TASK DATA:

Content starts

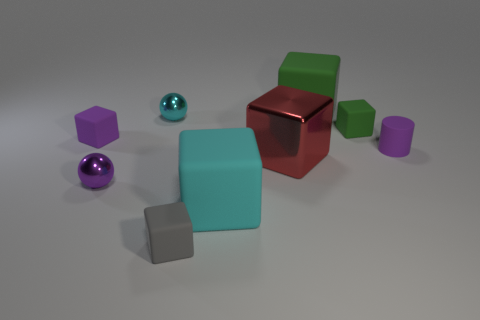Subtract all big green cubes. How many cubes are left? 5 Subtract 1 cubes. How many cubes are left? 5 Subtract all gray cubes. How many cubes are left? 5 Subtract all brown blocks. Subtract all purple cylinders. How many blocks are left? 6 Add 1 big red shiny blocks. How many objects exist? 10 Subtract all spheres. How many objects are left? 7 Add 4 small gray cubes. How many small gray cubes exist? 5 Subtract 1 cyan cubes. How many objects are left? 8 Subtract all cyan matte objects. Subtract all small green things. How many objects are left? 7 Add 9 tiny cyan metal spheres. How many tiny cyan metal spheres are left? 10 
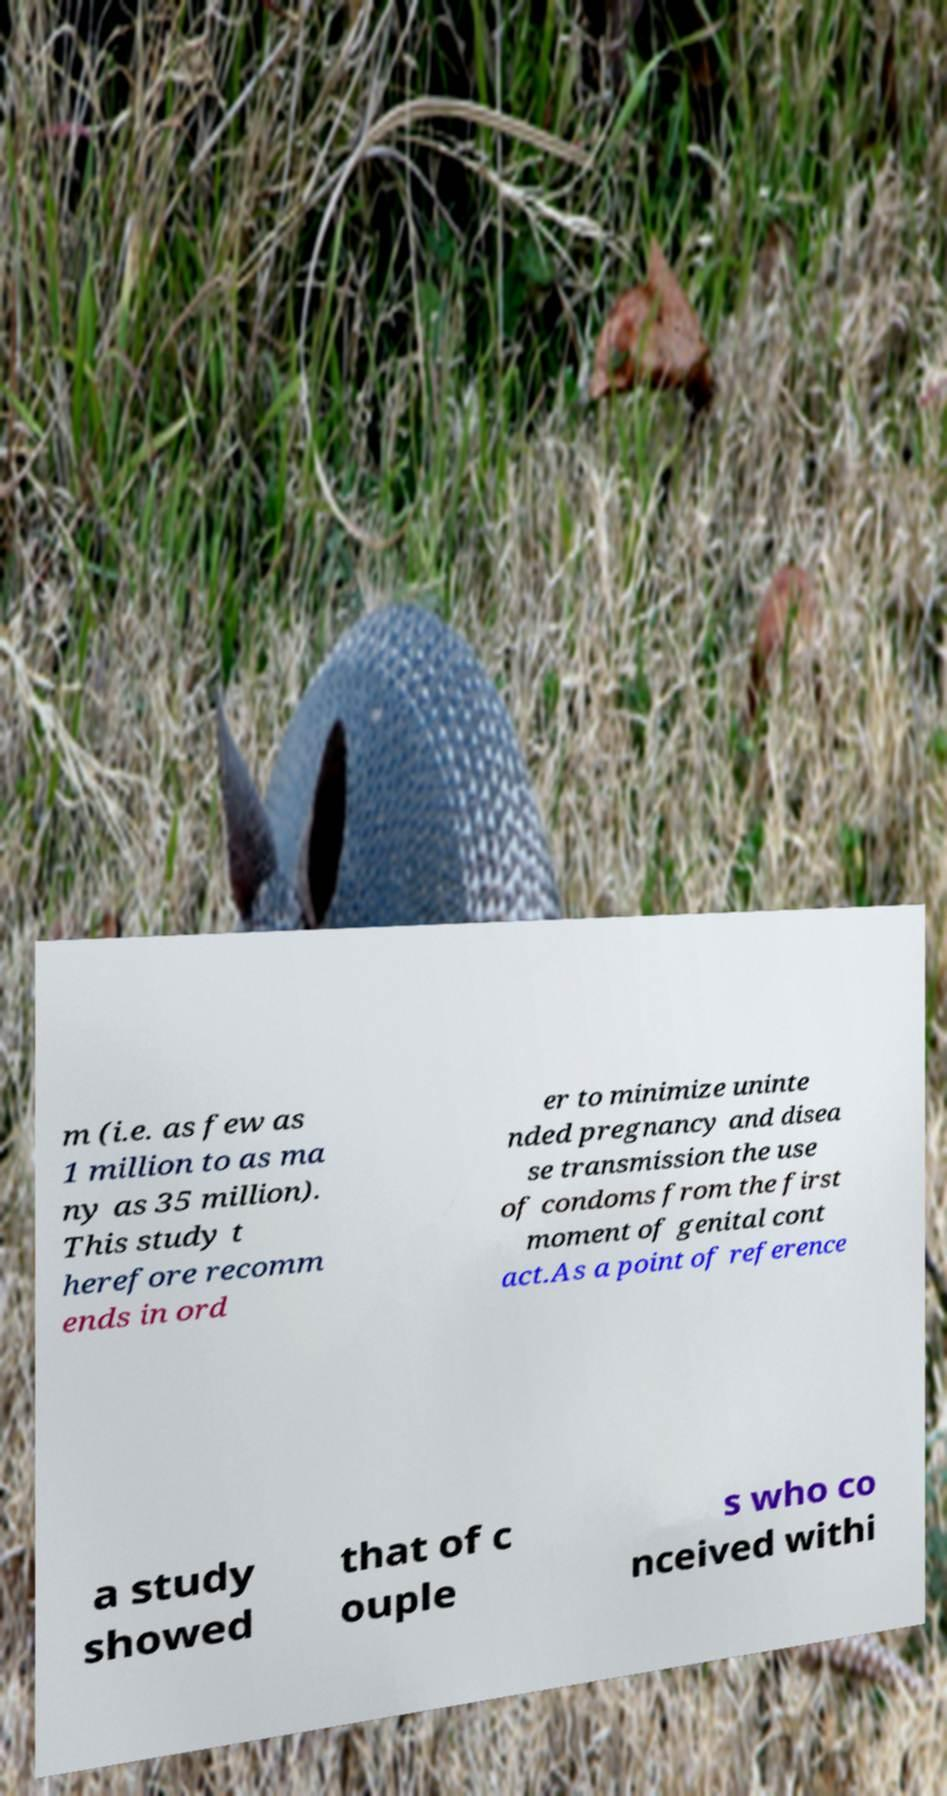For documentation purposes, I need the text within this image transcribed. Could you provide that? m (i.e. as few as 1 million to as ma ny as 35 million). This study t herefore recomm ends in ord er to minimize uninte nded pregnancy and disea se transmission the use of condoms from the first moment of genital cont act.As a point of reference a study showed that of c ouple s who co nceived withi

Content ends
Content starts

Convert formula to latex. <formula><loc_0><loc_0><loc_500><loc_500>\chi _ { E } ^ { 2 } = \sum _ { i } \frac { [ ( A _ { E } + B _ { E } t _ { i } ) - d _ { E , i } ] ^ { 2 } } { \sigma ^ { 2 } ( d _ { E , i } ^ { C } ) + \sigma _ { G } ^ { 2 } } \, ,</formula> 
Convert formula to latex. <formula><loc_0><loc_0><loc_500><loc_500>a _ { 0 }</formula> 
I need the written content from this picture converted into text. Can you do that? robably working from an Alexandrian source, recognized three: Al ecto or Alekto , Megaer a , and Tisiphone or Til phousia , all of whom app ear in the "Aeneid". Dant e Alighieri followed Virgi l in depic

Content ends
Content starts

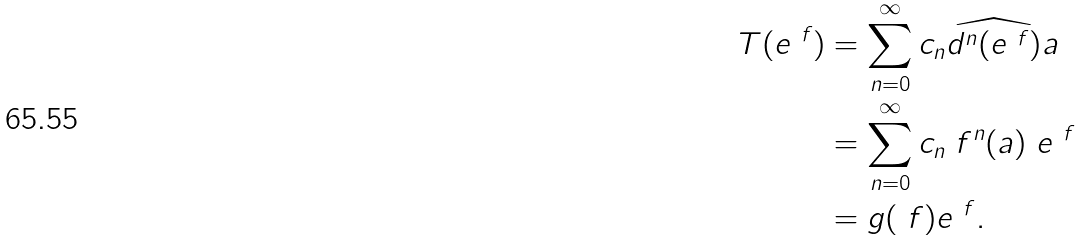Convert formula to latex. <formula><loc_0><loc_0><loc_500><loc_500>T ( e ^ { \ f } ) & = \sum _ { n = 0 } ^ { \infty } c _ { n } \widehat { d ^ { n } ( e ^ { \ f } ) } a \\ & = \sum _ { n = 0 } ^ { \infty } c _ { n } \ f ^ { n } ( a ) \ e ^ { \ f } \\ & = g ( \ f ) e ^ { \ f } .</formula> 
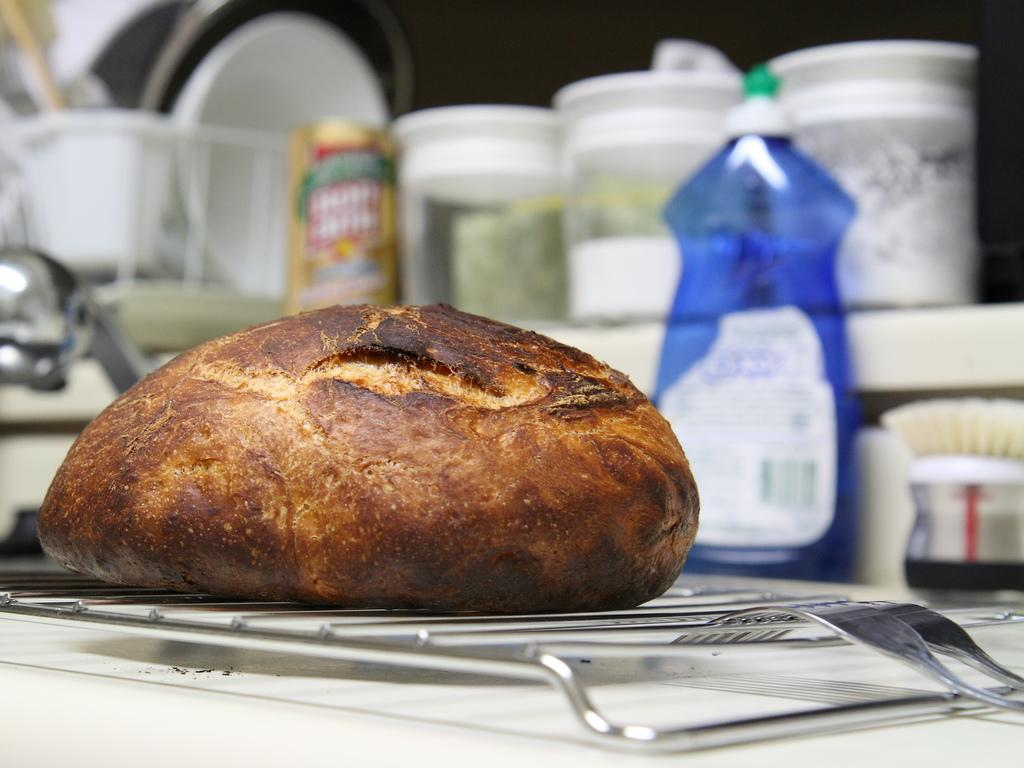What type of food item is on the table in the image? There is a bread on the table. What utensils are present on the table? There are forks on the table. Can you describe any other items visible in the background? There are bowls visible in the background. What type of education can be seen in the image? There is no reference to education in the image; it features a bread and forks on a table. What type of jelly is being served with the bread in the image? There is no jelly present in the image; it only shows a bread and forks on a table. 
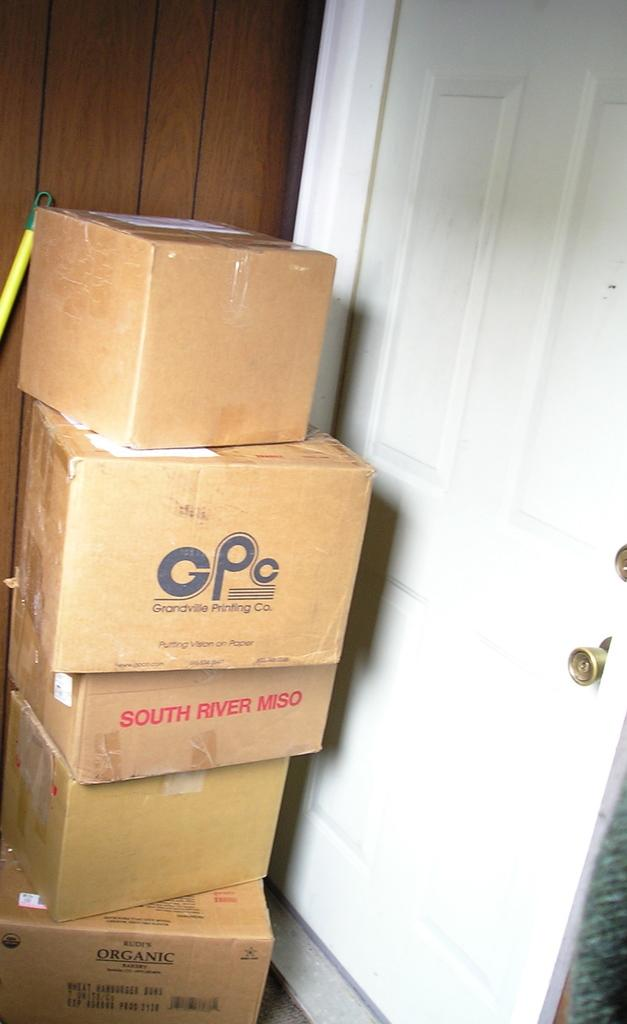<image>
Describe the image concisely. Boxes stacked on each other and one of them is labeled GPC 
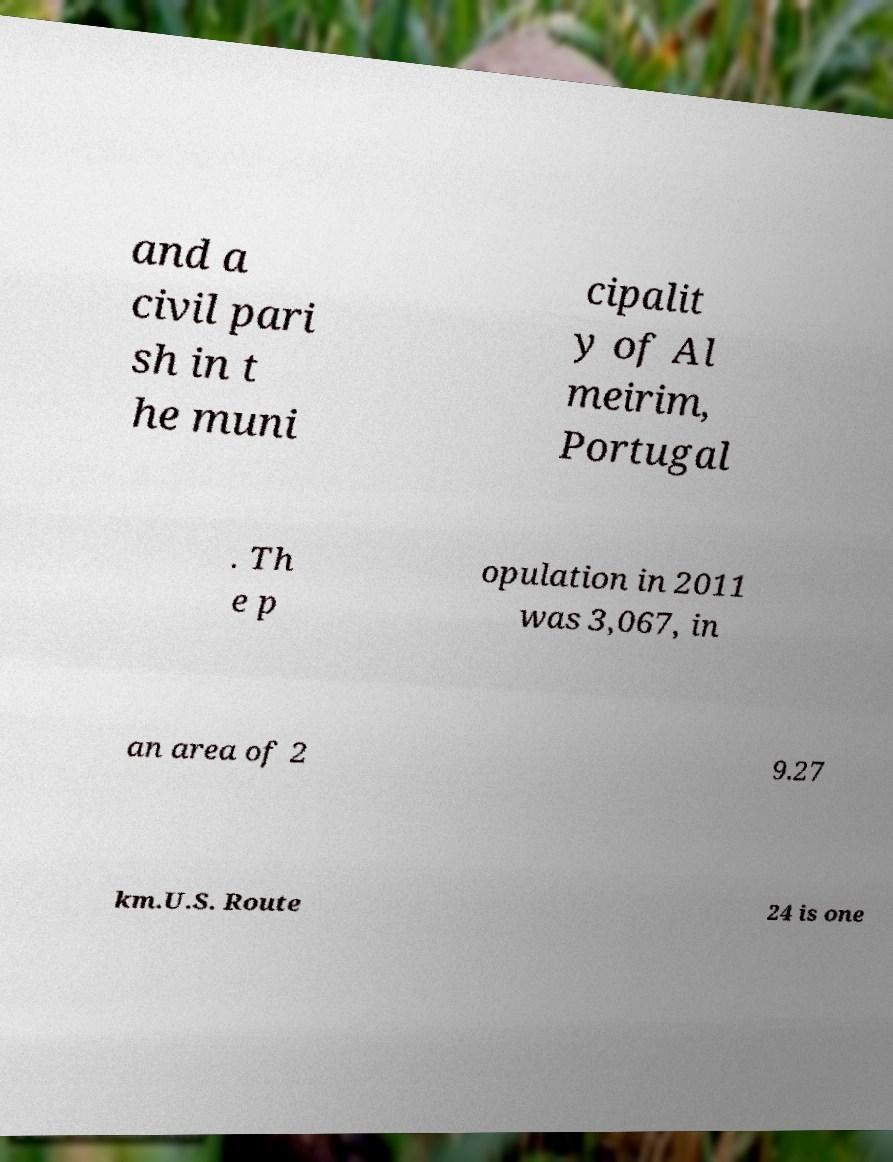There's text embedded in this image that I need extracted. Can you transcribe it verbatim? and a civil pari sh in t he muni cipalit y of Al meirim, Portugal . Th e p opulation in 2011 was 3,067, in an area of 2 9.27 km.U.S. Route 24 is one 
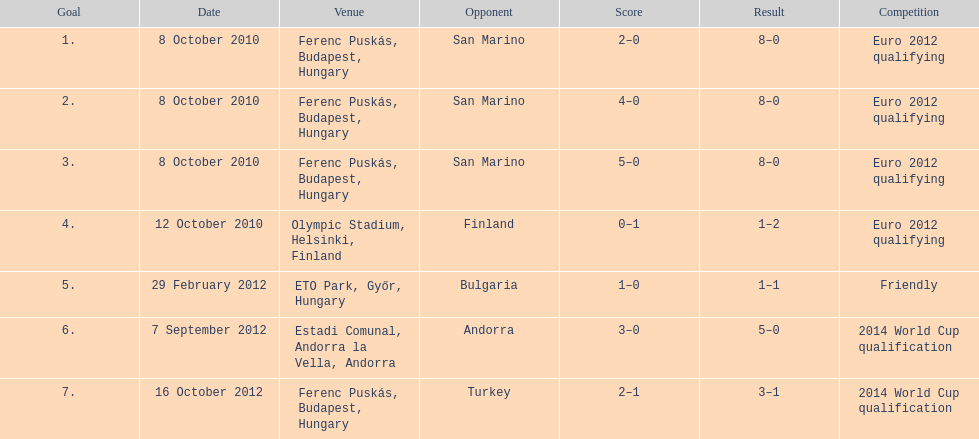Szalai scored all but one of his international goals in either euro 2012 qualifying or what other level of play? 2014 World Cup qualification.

Content ends

For this task, return exactly the stretch of the listing above from the line with "There's text embedded" through the line with "Szalai scored all", inclusive and without pictures.

PROBLEM SOLUTION:
There's text embedded in this image that I need extracted. Can you transcribe it verbatim? and a civil pari sh in t he muni cipalit y of Al meirim, Portugal . Th e p opulation in 2011 was 3,067, in an area of 2 9.27 km.U.S. Route 24 is one 
Szalai scored all but one of his international goals in either euro 2012 qualifying or what other level of play? 2014 World Cup qualification.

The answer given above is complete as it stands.